If you can't find the answer, do not pretend you know it, but answer 'I don't know'.
Question:
[[query]]
Context:
[[result_1_text]]
[[result_2_text]]
[[result_3_text]]
Answer:
Using a prompt template such as the one above, including the line breaks and empty lines, can help a large language model to better differentiate between the query and the context. It also helps to point out what to do if the answer is not in the context or what persona should be assumed.
Summary
As you have seen, it is extremely easy to use Generative AI models with RapidMiner. You have access to all Huggingface's models for natural language processing. You can solve all new tasks such as summarization or text- to-text generation. Plus, you can use all these models as the foundation for your own finetuning. And as always with RapidMiner, all of this is possible without writing a single line of code.
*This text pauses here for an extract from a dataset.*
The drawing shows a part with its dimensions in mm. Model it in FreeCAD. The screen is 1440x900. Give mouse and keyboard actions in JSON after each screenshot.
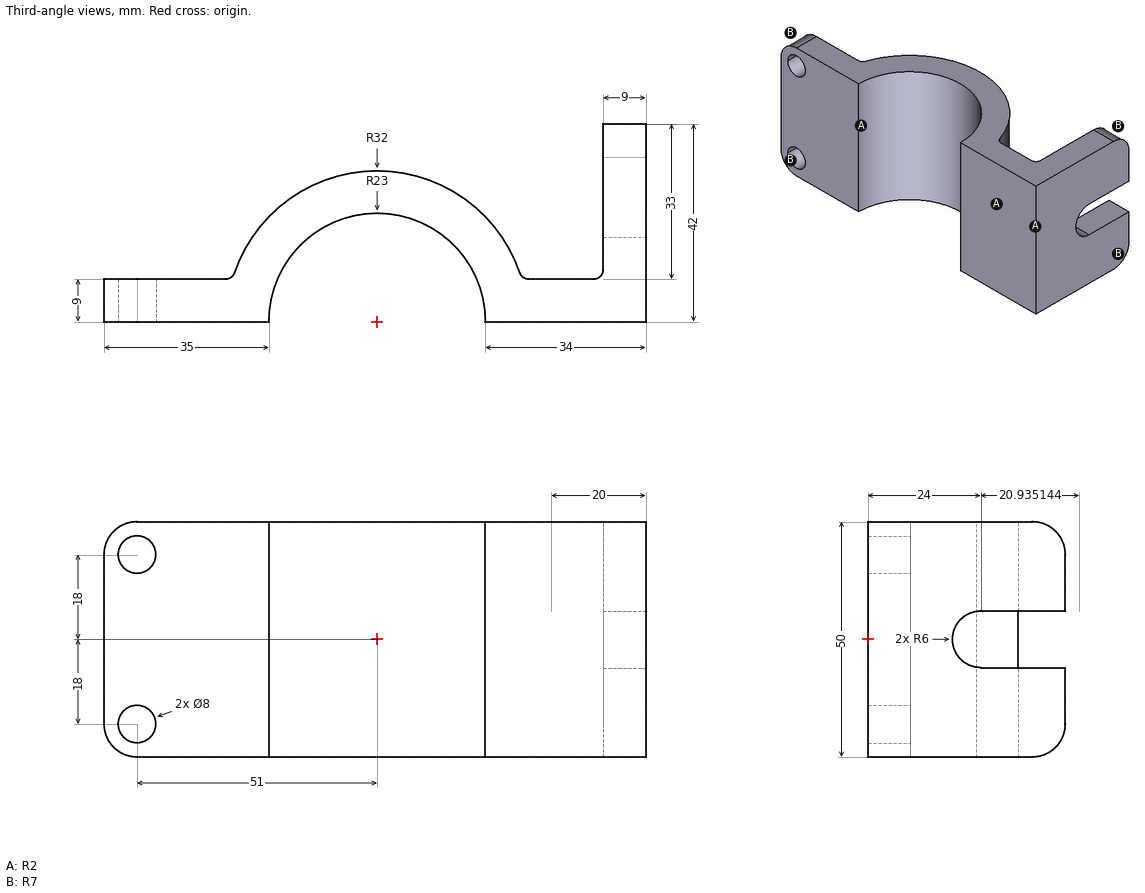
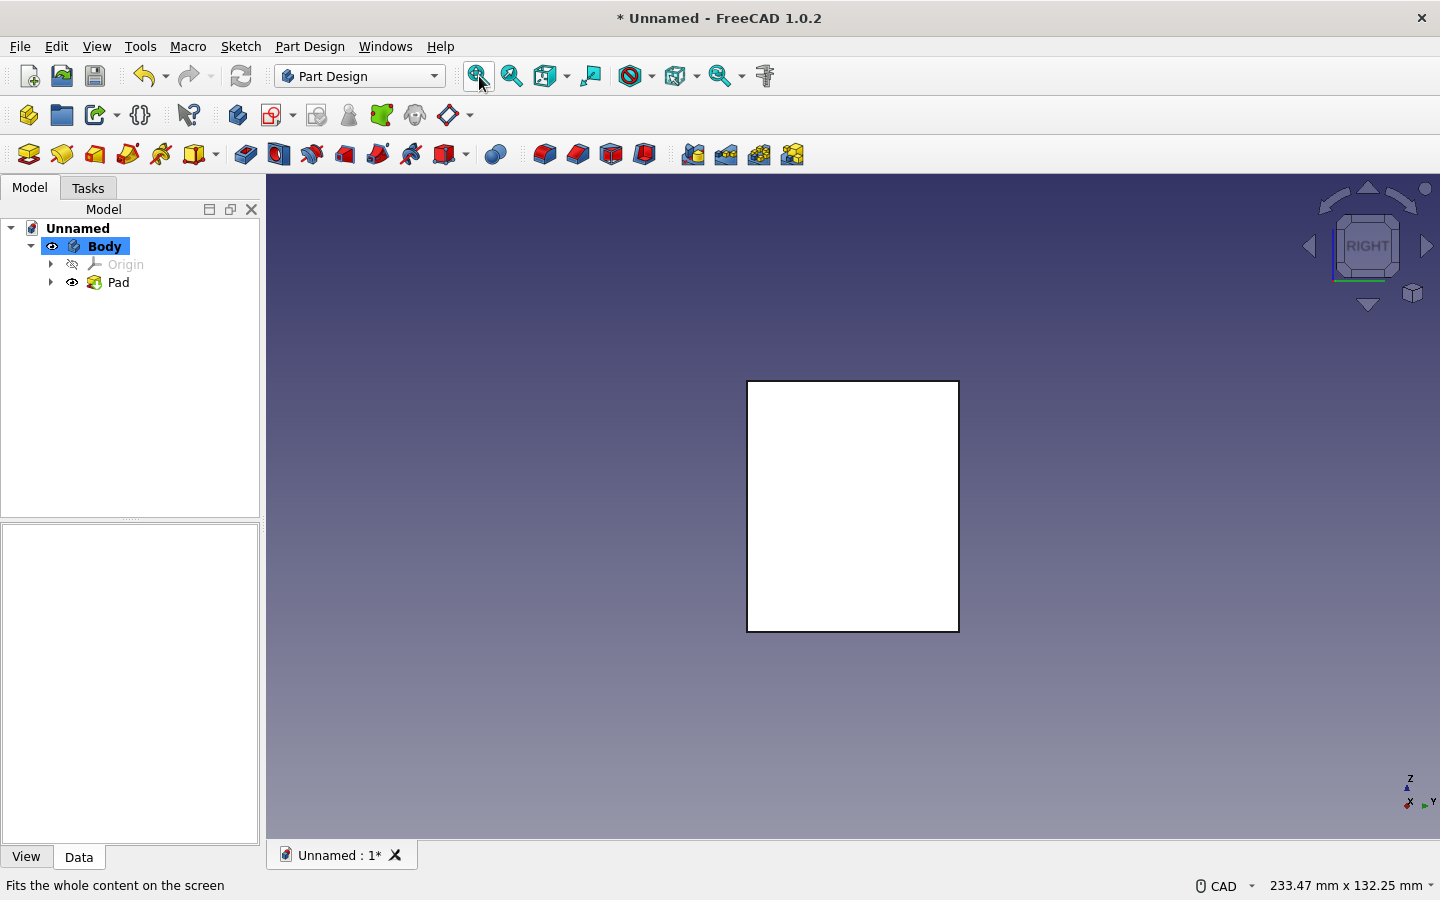
{"action": "key", "text": "5"}

The second group of operators gives you access to OpenAI's very powerful conversational models and even allows you to finetune those, too. And, again, without the need for any coding skills.
It is equally easy to calculate embeddings, to store and retrieve documents in and from vector stores, and build complete solutions for Retrieval Augmented Generation (RAG) as well.
It may take a while to get used to all the new use cases and tasks you can tackle with Generative AI and related technologies such as vector stores. Unlike with traditional machine learning, generative AI allows you to become more creative and tackle more complex use cases where the desired outputs go beyond the prediction of simple classes (classification) or numbers (regression).
But with great power also comes great responsibility. Large language models are very resource-intensive and not always necessary for tackling your use case. Bigger also does not always mean better. Of course, you can use ChatGPT to translate a text. But you could also use one of the Opus models which are significantly smaller and perform just as well for translation tasks.
And always keep in mind that those models often have been trained on public sources from the internet. This introduces bias in those models and potentially could lead to copyright infringements. We truly believe in open approaches where not just the model but also the training data has been published to ensure that no harm is done. We do recommend that you put in the necessary caution and make sure that only trustworthy models are used.
But if you are cautious and use the right models, you can solve new and more complex problems than you could before. Have fun tackling new use cases with the Generative Models extension for RapidMiner!